I am aware of object.size
, and I get the following output when run on the largest item in my environment:
> object.size(raw.pbp.data)
457552240 bytes
...so the largest item is ~457MB. I have also checked on my macbook pro's memory, in the About This Mac --> Storage, and it shows my Memory as 8 GB 1600 MHz DDR3
, so I assume I have 8 GB to work with.
Obviously the 457MB dataframe is not the only object in my R environment, but I do not want to manually run object.size
for every single object and add up the bytes to find the total size of memory used. Is there a better way to do this? A function that tells me the memory used in total by all objects in my RStudio Environment would be great. Does such a function exist?

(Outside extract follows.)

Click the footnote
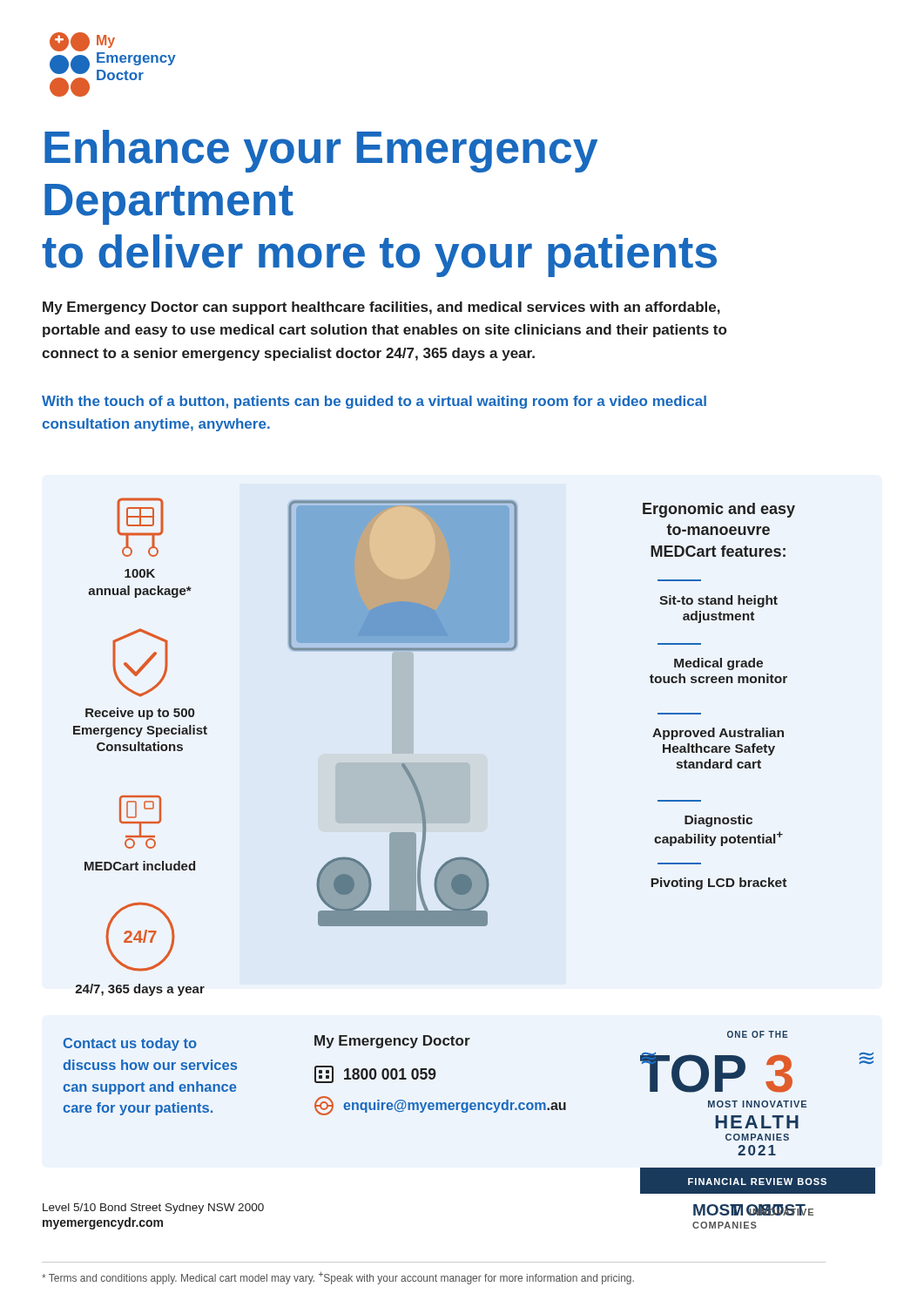This screenshot has height=1307, width=924. (338, 1277)

Also, what happens when I get closer to 8GB - is my R script going to stop working? I'm anticipating my data is going to increase by a factor of 5 - 10x in the near future, which will probably bring the total memory used in the environment close-to, or even greater than, 8GB.
Lastly, if hitting 8GB of memory is going to hault my R script from running, what are my options? If I convert my dataframe into a datatable, could that reduce the size of the object overall?
Any help with this is greatly appreciated, thanks!!
Edit: saved as a .rda
file, raw.pbp.data
is only 32MB, so that makes me optimistic that there is a way to potentially reduce its size when loaded into R.